I’m less than two weeks out from marathon #15, my first marathon of the year, and the first since February 2015. In my time away from 26.2, I had a healthy pregnancy, birthed a baby, and now, have learned more about myself than I ever imagined, all whilst hanging out with a silly, squishy mini-me.

I am so thankful for the life that I am living: I love my hubby, our house, the Florida sunshine, our smelly but adorable old man puppies, and, of course, our bright and curious toddling princess – but sometimes, it’s a lot!

I went in to marathon training with this grand idea that I’d be able to wake up every morning at 5 AM to crush a running workout, be done, showered and ready to attack the day before everyone else was up. HAH! Yeah, that lasted the first few weeks, with short workout, and before Abby went through another sleep regression. Then, I thought I’d be disciplined enough to counter my short sleep hours by going to bed early. HAH! If I wanted to see my husband for more than an hour past dinner time, that was also a no-go.

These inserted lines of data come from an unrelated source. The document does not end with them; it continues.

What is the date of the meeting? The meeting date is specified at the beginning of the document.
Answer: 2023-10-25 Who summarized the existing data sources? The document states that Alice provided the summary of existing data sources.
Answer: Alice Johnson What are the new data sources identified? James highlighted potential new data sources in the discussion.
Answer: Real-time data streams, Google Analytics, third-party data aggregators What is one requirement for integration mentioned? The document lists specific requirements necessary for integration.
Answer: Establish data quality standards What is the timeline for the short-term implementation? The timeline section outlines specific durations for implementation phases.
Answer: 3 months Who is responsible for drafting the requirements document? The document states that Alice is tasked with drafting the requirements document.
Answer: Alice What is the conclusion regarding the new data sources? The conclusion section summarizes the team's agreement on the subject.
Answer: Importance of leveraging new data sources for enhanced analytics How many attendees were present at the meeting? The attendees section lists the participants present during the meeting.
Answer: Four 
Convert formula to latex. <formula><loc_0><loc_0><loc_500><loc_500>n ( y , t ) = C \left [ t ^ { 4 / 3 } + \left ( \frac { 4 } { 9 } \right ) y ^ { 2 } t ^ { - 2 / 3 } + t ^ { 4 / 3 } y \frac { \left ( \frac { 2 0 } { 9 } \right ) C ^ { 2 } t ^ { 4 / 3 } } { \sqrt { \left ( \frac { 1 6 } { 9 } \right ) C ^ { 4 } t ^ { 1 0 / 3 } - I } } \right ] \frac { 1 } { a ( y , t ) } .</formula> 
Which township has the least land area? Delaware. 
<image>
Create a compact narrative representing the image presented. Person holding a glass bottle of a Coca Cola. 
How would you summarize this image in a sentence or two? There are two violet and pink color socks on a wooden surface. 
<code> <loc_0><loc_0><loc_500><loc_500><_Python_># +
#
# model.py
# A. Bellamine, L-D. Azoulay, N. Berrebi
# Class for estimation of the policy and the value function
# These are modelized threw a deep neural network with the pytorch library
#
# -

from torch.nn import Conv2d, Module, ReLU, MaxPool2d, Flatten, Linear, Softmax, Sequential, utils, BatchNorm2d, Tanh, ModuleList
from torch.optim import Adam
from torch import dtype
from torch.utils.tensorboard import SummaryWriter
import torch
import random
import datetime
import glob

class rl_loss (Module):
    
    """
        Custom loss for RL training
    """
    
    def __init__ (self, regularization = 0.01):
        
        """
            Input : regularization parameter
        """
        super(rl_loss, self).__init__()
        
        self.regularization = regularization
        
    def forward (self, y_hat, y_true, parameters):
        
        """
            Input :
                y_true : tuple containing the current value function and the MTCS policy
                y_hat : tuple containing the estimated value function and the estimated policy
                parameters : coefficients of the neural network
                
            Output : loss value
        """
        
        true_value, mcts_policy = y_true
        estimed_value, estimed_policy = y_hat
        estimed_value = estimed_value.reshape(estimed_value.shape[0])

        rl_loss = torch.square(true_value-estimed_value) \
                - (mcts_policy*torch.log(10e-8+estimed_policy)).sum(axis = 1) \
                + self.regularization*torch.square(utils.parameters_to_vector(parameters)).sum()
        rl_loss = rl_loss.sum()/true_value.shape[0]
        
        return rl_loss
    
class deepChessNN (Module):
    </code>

This is not to say that the training plan was a TOTAL wash. I adapted. Instead of letting my plan make me feel like a slacker, I took out my pens and re-wrote, re-scheduled, and re-adjusted. I added more strength training, and didn’t beat myself up when I downsized my big plans of two speedworks a week to one. I kept up with my long runs, and made concerted efforts to make my easy runs easy. I used the stroller. I used the treadmill. I took the watch off if I was getting too anal. I took a day off if something was tweaky.

So, yes, it’s not perfect, and I did make excuses. But, I still made it through with what I could, and I traded some ZZZ’s for miles, and despite it all, I couldn’t be more excited and proud to lace up in 10 days. Running is something I do for me, and I am thankful for every starting line.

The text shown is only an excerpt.